Restate word for word all of the lines below, with each image left out.

*** Opening INPUT ***

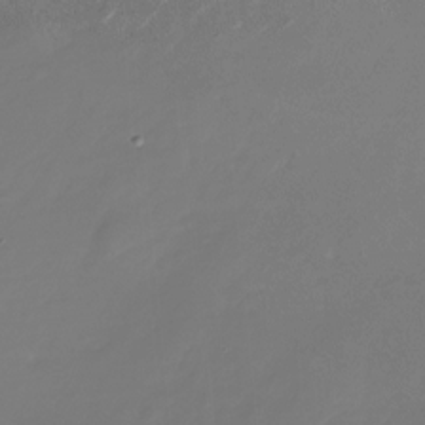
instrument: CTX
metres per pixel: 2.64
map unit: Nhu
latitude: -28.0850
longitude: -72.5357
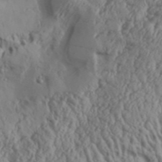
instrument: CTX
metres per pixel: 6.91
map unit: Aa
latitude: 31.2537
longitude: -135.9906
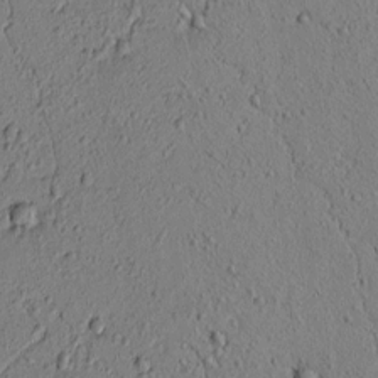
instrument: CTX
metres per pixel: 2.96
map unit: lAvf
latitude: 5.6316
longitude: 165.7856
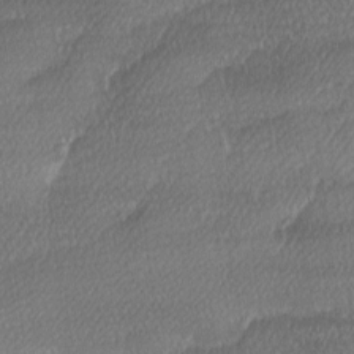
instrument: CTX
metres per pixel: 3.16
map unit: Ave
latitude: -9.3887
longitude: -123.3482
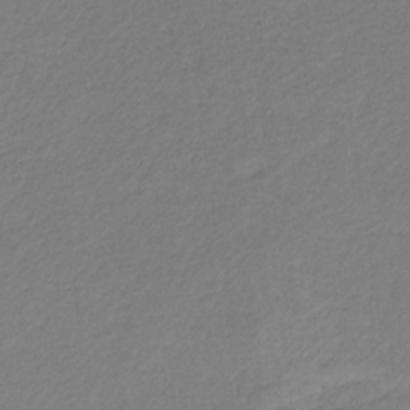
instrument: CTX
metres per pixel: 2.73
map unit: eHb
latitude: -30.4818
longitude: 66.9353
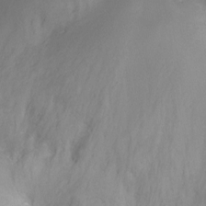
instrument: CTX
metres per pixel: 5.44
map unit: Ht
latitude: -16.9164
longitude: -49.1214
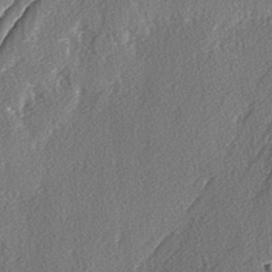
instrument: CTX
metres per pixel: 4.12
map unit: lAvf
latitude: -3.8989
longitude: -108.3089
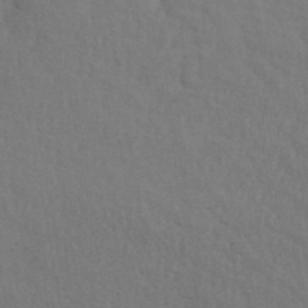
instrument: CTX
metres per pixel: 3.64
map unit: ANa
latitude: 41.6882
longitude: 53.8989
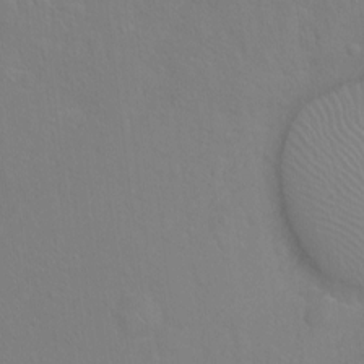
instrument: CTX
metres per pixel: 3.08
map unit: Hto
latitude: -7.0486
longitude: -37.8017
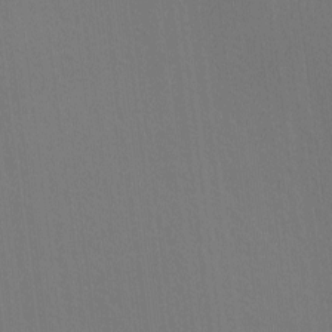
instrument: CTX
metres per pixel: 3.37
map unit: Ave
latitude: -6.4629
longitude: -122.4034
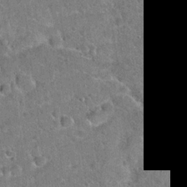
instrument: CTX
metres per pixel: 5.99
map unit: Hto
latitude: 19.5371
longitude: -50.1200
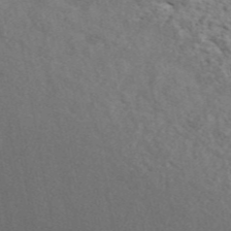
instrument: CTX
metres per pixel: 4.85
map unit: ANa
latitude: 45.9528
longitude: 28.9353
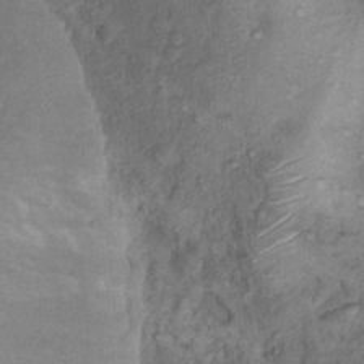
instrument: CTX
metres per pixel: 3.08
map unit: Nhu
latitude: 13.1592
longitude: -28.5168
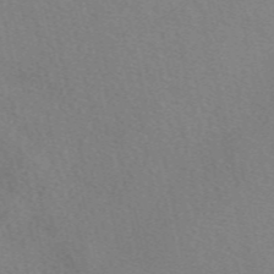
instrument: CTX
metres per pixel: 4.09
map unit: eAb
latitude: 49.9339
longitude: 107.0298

*** Closing INPUT ***

PROBLEM SOLUTION ▸
instrument: CTX
metres per pixel: 2.64
map unit: Nhu
latitude: -28.0850
longitude: -72.5357
instrument: CTX
metres per pixel: 6.91
map unit: Aa
latitude: 31.2537
longitude: -135.9906
instrument: CTX
metres per pixel: 2.96
map unit: lAvf
latitude: 5.6316
longitude: 165.7856
instrument: CTX
metres per pixel: 3.16
map unit: Ave
latitude: -9.3887
longitude: -123.3482
instrument: CTX
metres per pixel: 2.73
map unit: eHb
latitude: -30.4818
longitude: 66.9353
instrument: CTX
metres per pixel: 5.44
map unit: Ht
latitude: -16.9164
longitude: -49.1214
instrument: CTX
metres per pixel: 4.12
map unit: lAvf
latitude: -3.8989
longitude: -108.3089
instrument: CTX
metres per pixel: 3.64
map unit: ANa
latitude: 41.6882
longitude: 53.8989
instrument: CTX
metres per pixel: 3.08
map unit: Hto
latitude: -7.0486
longitude: -37.8017
instrument: CTX
metres per pixel: 3.37
map unit: Ave
latitude: -6.4629
longitude: -122.4034
instrument: CTX
metres per pixel: 5.99
map unit: Hto
latitude: 19.5371
longitude: -50.1200
instrument: CTX
metres per pixel: 4.85
map unit: ANa
latitude: 45.9528
longitude: 28.9353
instrument: CTX
metres per pixel: 3.08
map unit: Nhu
latitude: 13.1592
longitude: -28.5168
instrument: CTX
metres per pixel: 4.09
map unit: eAb
latitude: 49.9339
longitude: 107.0298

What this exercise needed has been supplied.